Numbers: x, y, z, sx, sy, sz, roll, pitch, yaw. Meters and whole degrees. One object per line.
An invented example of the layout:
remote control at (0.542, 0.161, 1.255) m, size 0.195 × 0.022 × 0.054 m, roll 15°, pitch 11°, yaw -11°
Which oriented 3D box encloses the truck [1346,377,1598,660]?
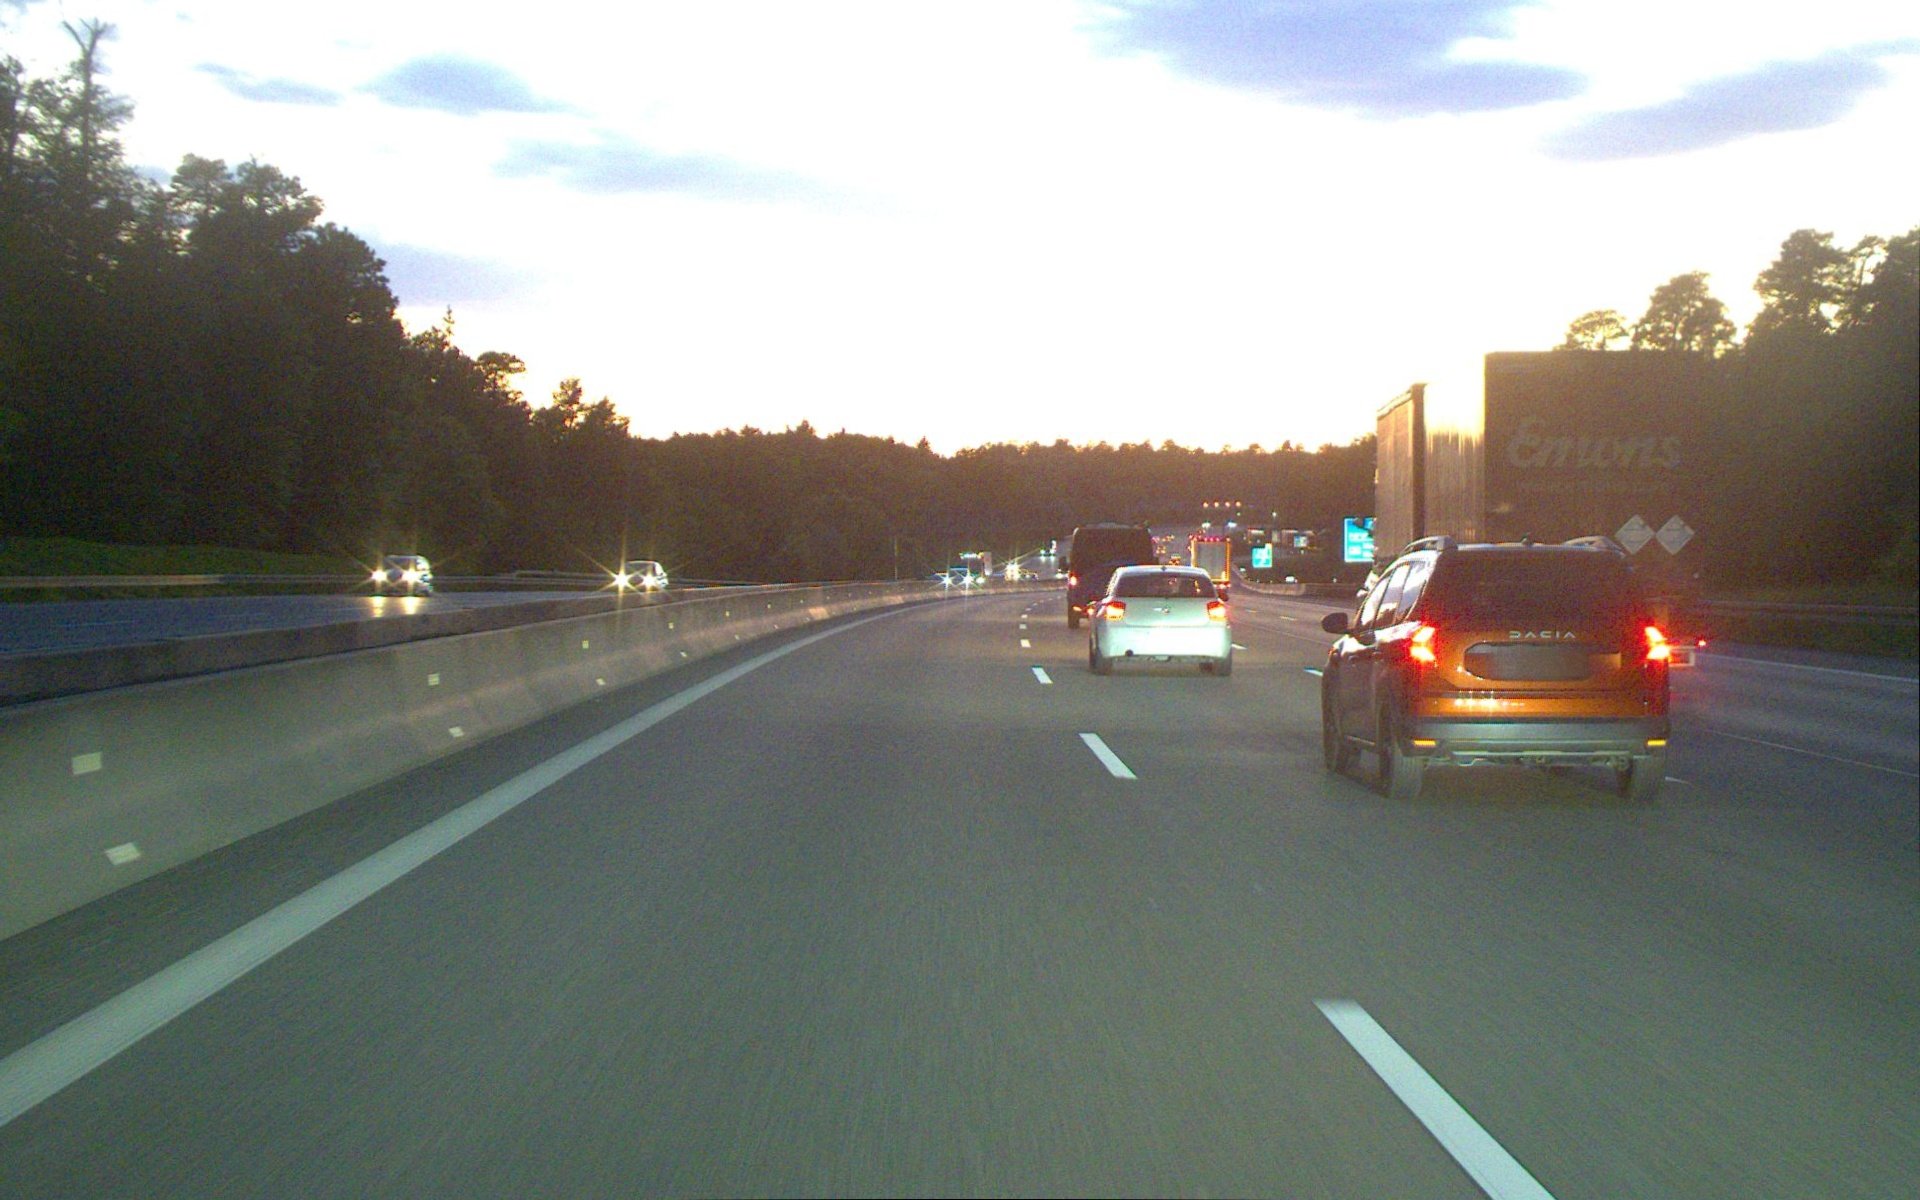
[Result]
truck at (8.060, -1.191, 55.473) m, size 2.885 × 4.087 × 10.830 m, roll 1°, pitch 0°, yaw 3°

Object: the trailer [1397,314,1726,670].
trailer at (7.607, -1.249, 44.922) m, size 2.907 × 4.087 × 10.356 m, roll 1°, pitch 0°, yaw 3°

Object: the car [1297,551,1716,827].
car at (3.522, 0.499, 23.104) m, size 1.903 × 1.638 × 5.052 m, roll 0°, pitch 1°, yaw -1°

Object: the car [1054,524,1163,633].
car at (3.467, -0.467, 79.309) m, size 2.166 × 2.410 × 5.562 m, roll 0°, pitch 0°, yaw 6°

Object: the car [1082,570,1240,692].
car at (2.611, 0.380, 45.410) m, size 1.859 × 1.437 × 3.721 m, roll 0°, pitch 2°, yaw 0°

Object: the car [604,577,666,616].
car at (-13.231, -0.137, 140.173) m, size 1.842 × 1.458 × 4.775 m, roll 2°, pitch 1°, yaw 3°

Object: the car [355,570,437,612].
car at (-20.899, -0.356, 127.472) m, size 1.843 × 1.458 × 3.999 m, roll 2°, pitch 1°, yaw 8°

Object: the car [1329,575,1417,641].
car at (9.932, 0.191, 82.873) m, size 2.008 × 1.533 × 3.999 m, roll 0°, pitch 0°, yaw 6°

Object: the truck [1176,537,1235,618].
truck at (18.278, -1.640, 255.807) m, size 4.150 × 5.836 × 14.294 m, roll 0°, pitch 0°, yaw 4°

■ ■ ■ ■ ■ ■ ■

### AIM OF THE EXERCISE
Reproduce all of the material exactly, apart from the pictures.

### WRITTEN RESPONSE
Numbers: x, y, z, sx, sy, sz, roll, pitch, yaw. Meters and whole degrees. One object per line.
An invented example of the layout:
remote control at (0.542, 0.161, 1.255) m, size 0.195 × 0.022 × 0.054 m, roll 15°, pitch 11°, yaw -11°
Which oriented 3D box encloses the truck [1346,377,1598,660]?
[Result]
truck at (8.060, -1.191, 55.473) m, size 2.885 × 4.087 × 10.830 m, roll 1°, pitch 0°, yaw 3°

Object: the trailer [1397,314,1726,670].
trailer at (7.607, -1.249, 44.922) m, size 2.907 × 4.087 × 10.356 m, roll 1°, pitch 0°, yaw 3°

Object: the car [1297,551,1716,827].
car at (3.522, 0.499, 23.104) m, size 1.903 × 1.638 × 5.052 m, roll 0°, pitch 1°, yaw -1°

Object: the car [1054,524,1163,633].
car at (3.467, -0.467, 79.309) m, size 2.166 × 2.410 × 5.562 m, roll 0°, pitch 0°, yaw 6°

Object: the car [1082,570,1240,692].
car at (2.611, 0.380, 45.410) m, size 1.859 × 1.437 × 3.721 m, roll 0°, pitch 2°, yaw 0°

Object: the car [604,577,666,616].
car at (-13.231, -0.137, 140.173) m, size 1.842 × 1.458 × 4.775 m, roll 2°, pitch 1°, yaw 3°

Object: the car [355,570,437,612].
car at (-20.899, -0.356, 127.472) m, size 1.843 × 1.458 × 3.999 m, roll 2°, pitch 1°, yaw 8°

Object: the car [1329,575,1417,641].
car at (9.932, 0.191, 82.873) m, size 2.008 × 1.533 × 3.999 m, roll 0°, pitch 0°, yaw 6°

Object: the truck [1176,537,1235,618].
truck at (18.278, -1.640, 255.807) m, size 4.150 × 5.836 × 14.294 m, roll 0°, pitch 0°, yaw 4°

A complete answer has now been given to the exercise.